I mainly shoot portraits and I am wanting to add product photography to my list of services. This shot was a quick set up to test my L series lens. A plastic seal around the top of the bottle caused the glare and of course if this were for a client I would have removed the seal.

c&c welcomed and appreciated


----------



## That One Guy (May 4, 2008)

no comments?


----------



## TamiyaGuy (May 5, 2008)

Pretty nice. Just a couple of things I would like to add (although I admit they are nit-picky):

The front of the box seems a bit dark to my liking, maybe add a flash on the front of it or do some PP to make it lighter. Also, I would've used a larger aperture to blur the crumpled tablecloth 

Other than those really minor details, though, that is a really nice picture!


----------



## That One Guy (May 5, 2008)

TamiyaGuy said:


> Pretty nice. Just a couple of things I would like to add (although I admit they are nit-picky):
> 
> The front of the box seems a bit dark to my liking, maybe add a flash on the front of it or do some PP to make it lighter. Also, I would've used a larger aperture to blur the crumpled tablecloth
> 
> Other than those really minor details, though, that is a really nice picture!
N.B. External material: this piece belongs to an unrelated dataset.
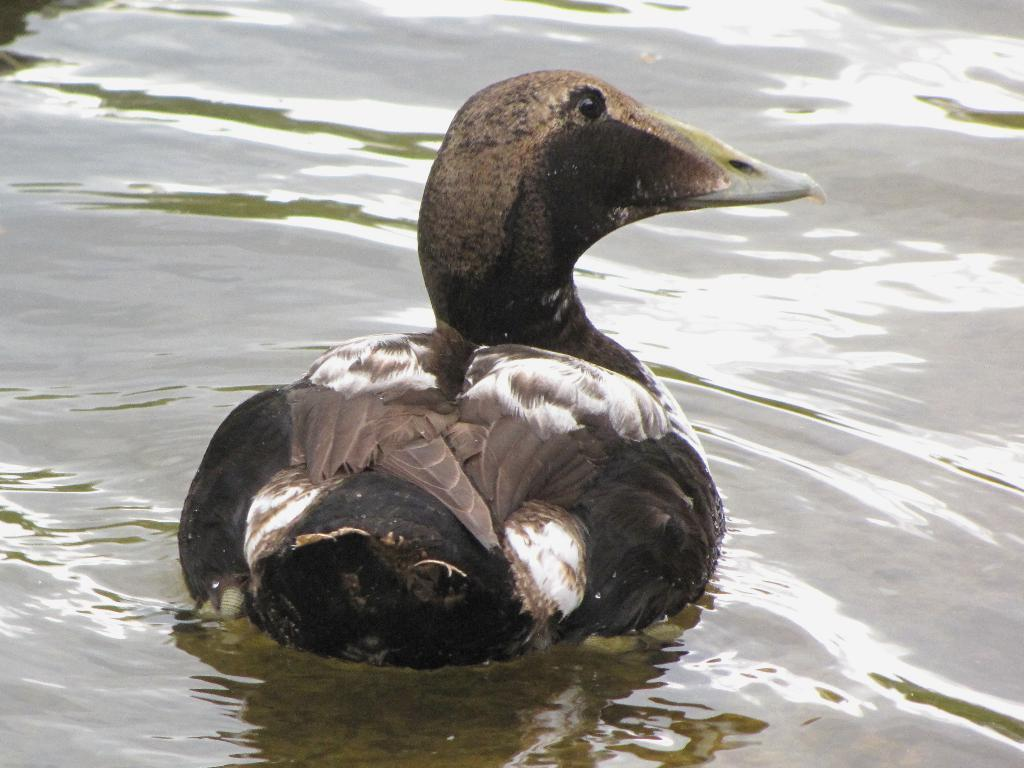What animal can be seen in the image? There is a duck in the image. What is the duck doing in the image? The duck is swimming in the water. What type of party is the duck attending in the image? There is no party present in the image, and the duck is not attending any event.

thanks  i will keep those suggestions in mind


----------



## craig (May 6, 2008)

Do you have some other photos from this shoot? This one seems to lack creativity.

Love & Bass


----------



## Atropine (May 7, 2008)

I think the photo is slightly underexposed and too tightly cropped. And there is a weird shadow coming in on the right side disturbing the shape of the bottle.


----------



## That One Guy (May 7, 2008)

craig said:


> Do you have some other photos from this shoot? This one seems to lack creativity.
> 
> Love & Bass



no this shot was just to test my new lens. the wine was a gift and was sitting on the table. i just made a quick arrangement.


----------